Ernest Born (1898−1992) was an architect, designer, and artist based in California. He and his wife Esther Baum Born (1902−1987) collaborated on diverse projects in the San Francisco Bay Area from 1936 on. She was also a notable architectural photographer.

Ernest was born in San Francisco, Esther in Palo Alto, and they married in 1926 after meeting at UC Berkeley’s architecture school.

Careers
Born studied architecture at the University of California, Berkeley, graduating from the school of Architecture in 1922. After graduation he traveled to Europe on a Guggenheim Fellowship, then returned to UC Berkeley earning a master's degree in 1923, with a thesis on the relation of painting to architecture.  He worked for prominent San Francisco architects such as John W. Reid, Jr., John Galen Howard, and George W. Kelham between 1923 and 1928.

The couple relocated to New York’s Greenwich Village in 1929. Esther took a job with Wallace Harrison, the architect overseeing the creation of Rockefeller Center. Ernest spent time as a draftsman at Shreve, Lamb & Harmon, designers of the Empire State Building. In 1931 he opened his own architectural practice, working on a wide variety of projects ranging from designing commercial spaces and exhibitions to architectural advertising. He served on the editorial staff of Architectural Record from 1933–34 and Architectural Forum from 1935-36.

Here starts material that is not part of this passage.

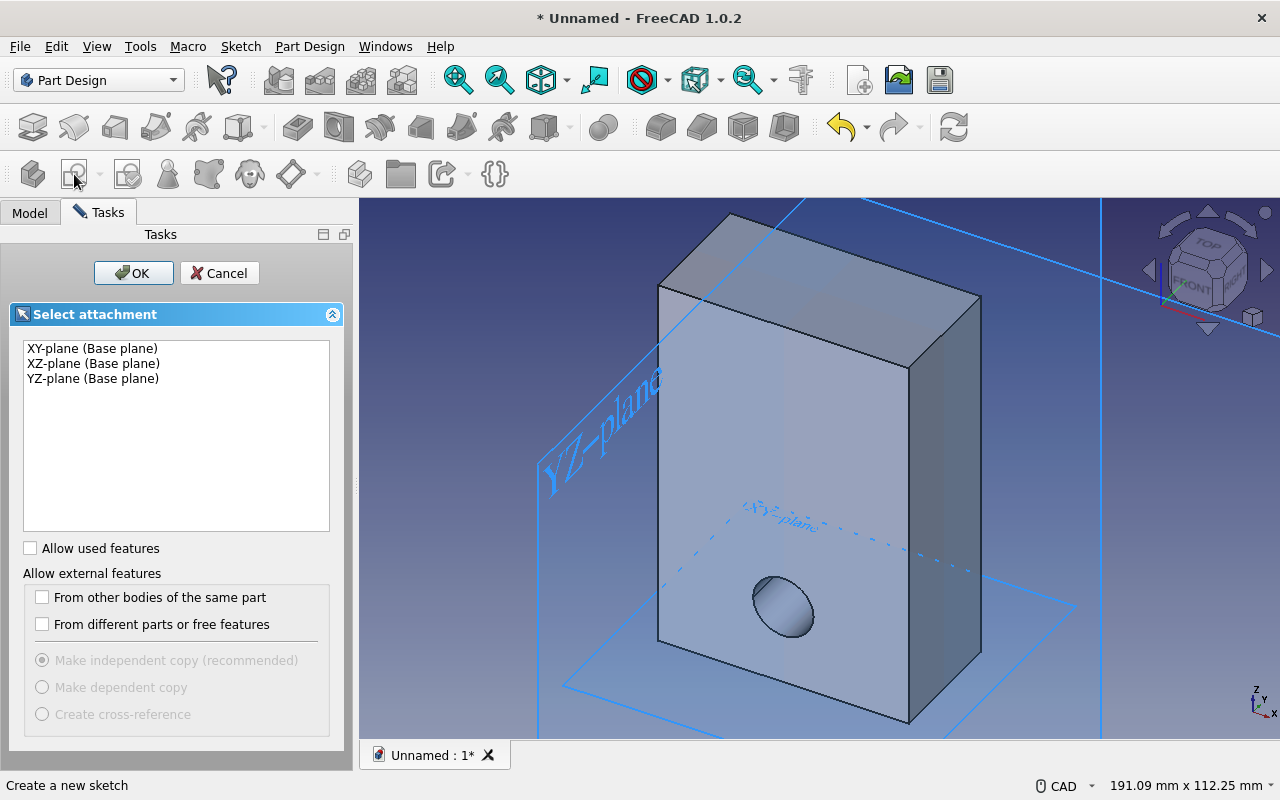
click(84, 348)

He received his license to practice architecture in New York in 1931, and in California in 1937. He was later a Fellow of the American Institute of Architects (FAIA).

They returned to San Francisco in 1937 and went into business together, working residential, commercial and industrial projects, exhibitions, and photography. The Borns exhibited and promoted the then new Second Bay Tradition (1928−1942), and were part of the Third Bay Tradition (1945−1980s) of Modernist architecture and design.

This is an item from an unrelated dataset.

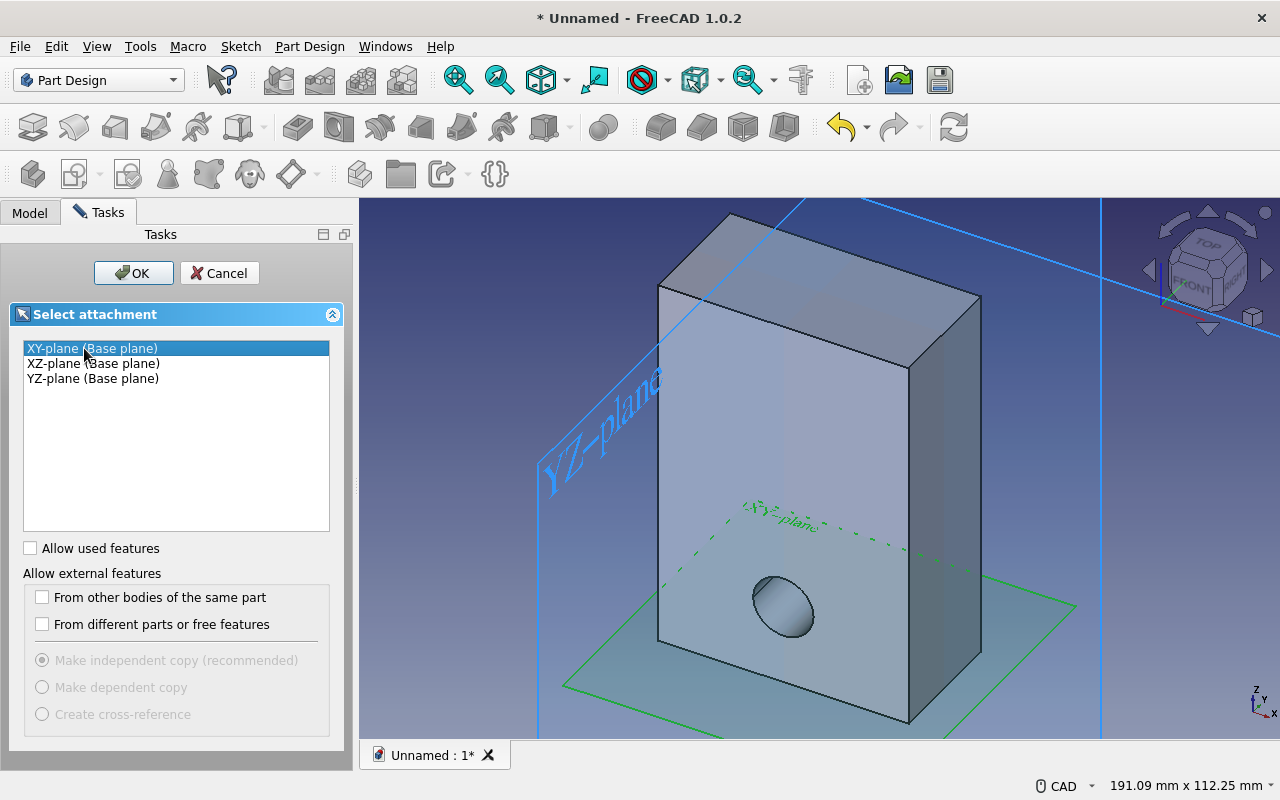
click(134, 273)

His mural paintings for the Golden Gate International Exposition established his reputation as an artist. His drawings for a proposed United Nations Center, with William Wurster and Theodore Bernardi, were exhibited in San Francisco and New York museums. During the war years, Born worked with architect Gardner Dailey on special military projects in Brazil and in the U.S.

In 1949 they designed the 'Ernest and Esther Born House' for themselves, a Modernist residence located at 2020 Great Highway in the far west of the Sunset District. The house has since been modified with the addition of a tower.

In 1951, in collaboration with architect Henry H. Gutterson, Born designed North Beach Place, a public housing project at the cable car turntable on Taylor Street. It was demolished in 2001. The Borns’ 1958 vision for "Embarcadero City" for the San Francisco Port Authority, a master plan for the waterfront from the Ferry Building to Aquatic Park that would have replaced most existing structures with new buildings and piers with landfill, was never built.

In the 1970s Born designed signage for the Bay Area Rapid Transit (BART) system. Born collaborated in the design of the Balboa Park Station and Glen Park Station, with Corlett & Spackman. The Glen Park Station was Born's last architectural design project.

The Borns closed their design studio in 1973, later moved to San Diego where they lived in their retirement.

Born was an accomplished artist, type designer, and illustrator as well, and focused on these in his later years. He spent a decade collaborating with author Walter Horn to produce the 1979 Plan of St. Gall. Its illustrations are by Born.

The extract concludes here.